Nothing but the lines from the one containing "in writing, software" through the one containing "require 'securerandom'", both included, should be given again, each exactly as written below.
-------- MATERIAL PROVIDED
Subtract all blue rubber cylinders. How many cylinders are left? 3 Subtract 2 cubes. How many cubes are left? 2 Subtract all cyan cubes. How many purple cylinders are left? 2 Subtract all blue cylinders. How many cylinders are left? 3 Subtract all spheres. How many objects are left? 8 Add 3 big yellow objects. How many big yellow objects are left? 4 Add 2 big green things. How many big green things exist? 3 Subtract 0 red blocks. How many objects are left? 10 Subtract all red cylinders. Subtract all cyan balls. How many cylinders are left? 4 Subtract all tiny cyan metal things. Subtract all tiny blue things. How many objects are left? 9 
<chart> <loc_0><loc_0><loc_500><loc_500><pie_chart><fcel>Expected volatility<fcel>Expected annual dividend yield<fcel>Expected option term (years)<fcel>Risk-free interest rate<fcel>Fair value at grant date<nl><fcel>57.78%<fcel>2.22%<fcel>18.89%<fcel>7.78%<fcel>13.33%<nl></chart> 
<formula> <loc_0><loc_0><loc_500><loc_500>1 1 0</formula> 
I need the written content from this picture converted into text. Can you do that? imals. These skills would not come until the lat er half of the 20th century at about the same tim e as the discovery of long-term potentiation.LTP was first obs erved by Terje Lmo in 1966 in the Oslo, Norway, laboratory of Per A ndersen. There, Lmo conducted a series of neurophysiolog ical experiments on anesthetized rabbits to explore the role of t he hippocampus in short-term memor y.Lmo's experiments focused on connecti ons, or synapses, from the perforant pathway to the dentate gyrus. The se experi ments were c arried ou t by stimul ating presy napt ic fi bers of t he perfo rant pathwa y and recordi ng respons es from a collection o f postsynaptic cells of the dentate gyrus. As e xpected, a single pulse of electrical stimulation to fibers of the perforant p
----------------
-------- MATERIAL PROVIDED
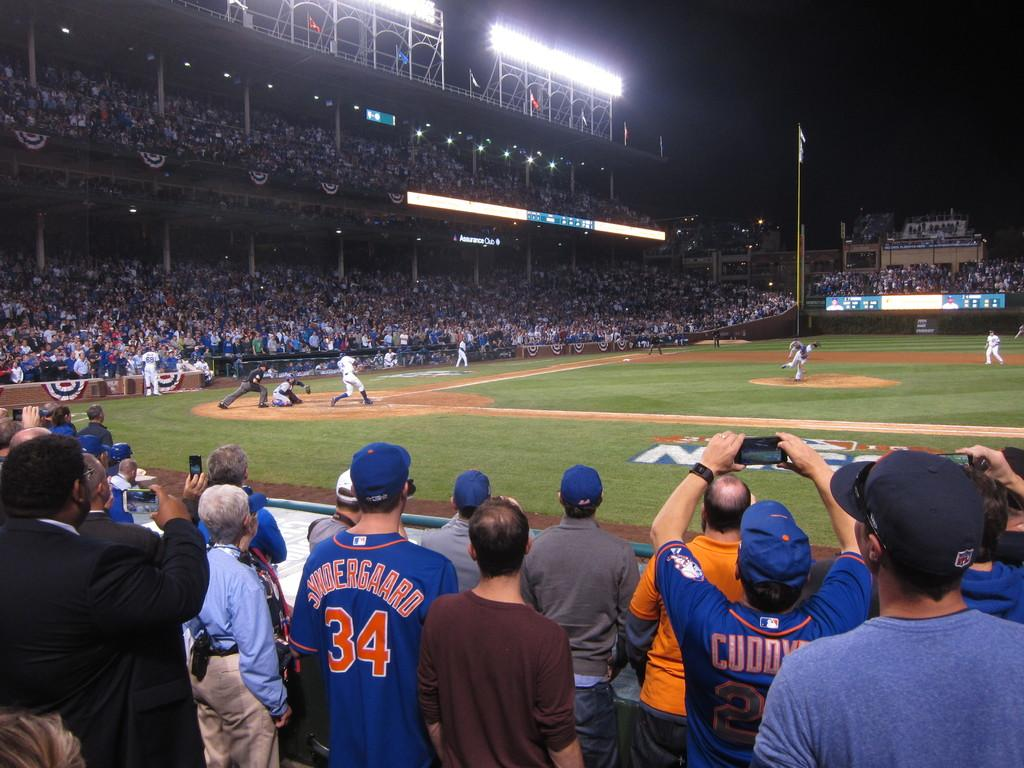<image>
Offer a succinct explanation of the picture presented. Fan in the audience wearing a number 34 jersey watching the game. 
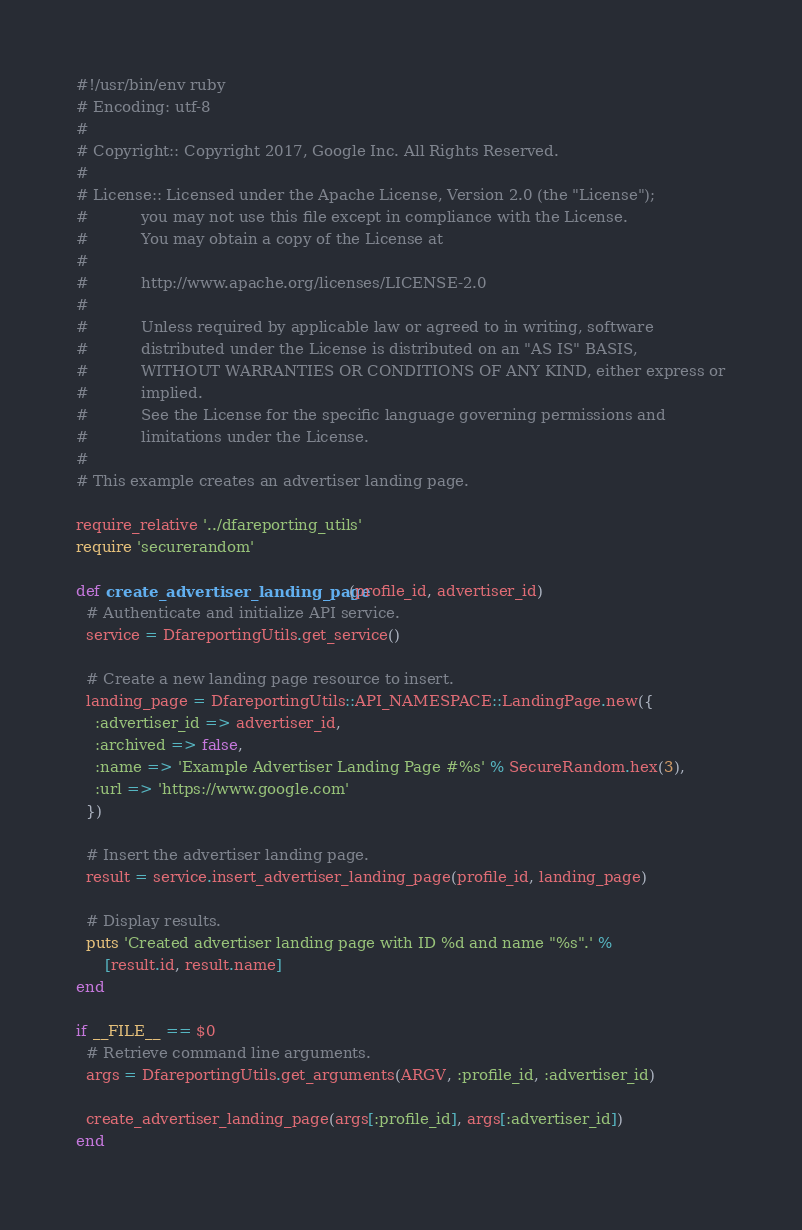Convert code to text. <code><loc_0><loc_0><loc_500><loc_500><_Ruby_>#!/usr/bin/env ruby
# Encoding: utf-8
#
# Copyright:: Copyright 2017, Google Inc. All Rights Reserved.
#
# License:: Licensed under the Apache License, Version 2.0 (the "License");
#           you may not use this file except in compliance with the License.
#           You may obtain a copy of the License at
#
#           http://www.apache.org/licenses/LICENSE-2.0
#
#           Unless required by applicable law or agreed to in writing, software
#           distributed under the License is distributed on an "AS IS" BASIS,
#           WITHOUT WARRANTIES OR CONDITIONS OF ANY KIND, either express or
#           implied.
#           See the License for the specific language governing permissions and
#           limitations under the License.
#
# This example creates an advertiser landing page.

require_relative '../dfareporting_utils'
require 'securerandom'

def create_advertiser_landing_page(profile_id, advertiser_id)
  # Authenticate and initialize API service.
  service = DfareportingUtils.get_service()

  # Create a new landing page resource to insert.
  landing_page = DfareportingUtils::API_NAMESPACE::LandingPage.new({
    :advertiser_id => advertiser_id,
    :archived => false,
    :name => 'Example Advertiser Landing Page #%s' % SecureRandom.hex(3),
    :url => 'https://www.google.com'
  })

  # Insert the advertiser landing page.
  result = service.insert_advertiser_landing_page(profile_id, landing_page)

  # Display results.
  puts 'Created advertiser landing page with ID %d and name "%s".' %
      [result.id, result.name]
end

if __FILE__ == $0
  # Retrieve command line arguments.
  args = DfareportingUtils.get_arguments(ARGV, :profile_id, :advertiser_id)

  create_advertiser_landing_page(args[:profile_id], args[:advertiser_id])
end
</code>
----------------
# RESULT BELOW
#           Unless required by applicable law or agreed to in writing, software
#           distributed under the License is distributed on an "AS IS" BASIS,
#           WITHOUT WARRANTIES OR CONDITIONS OF ANY KIND, either express or
#           implied.
#           See the License for the specific language governing permissions and
#           limitations under the License.
#
# This example creates an advertiser landing page.

require_relative '../dfareporting_utils'
require 'securerandom'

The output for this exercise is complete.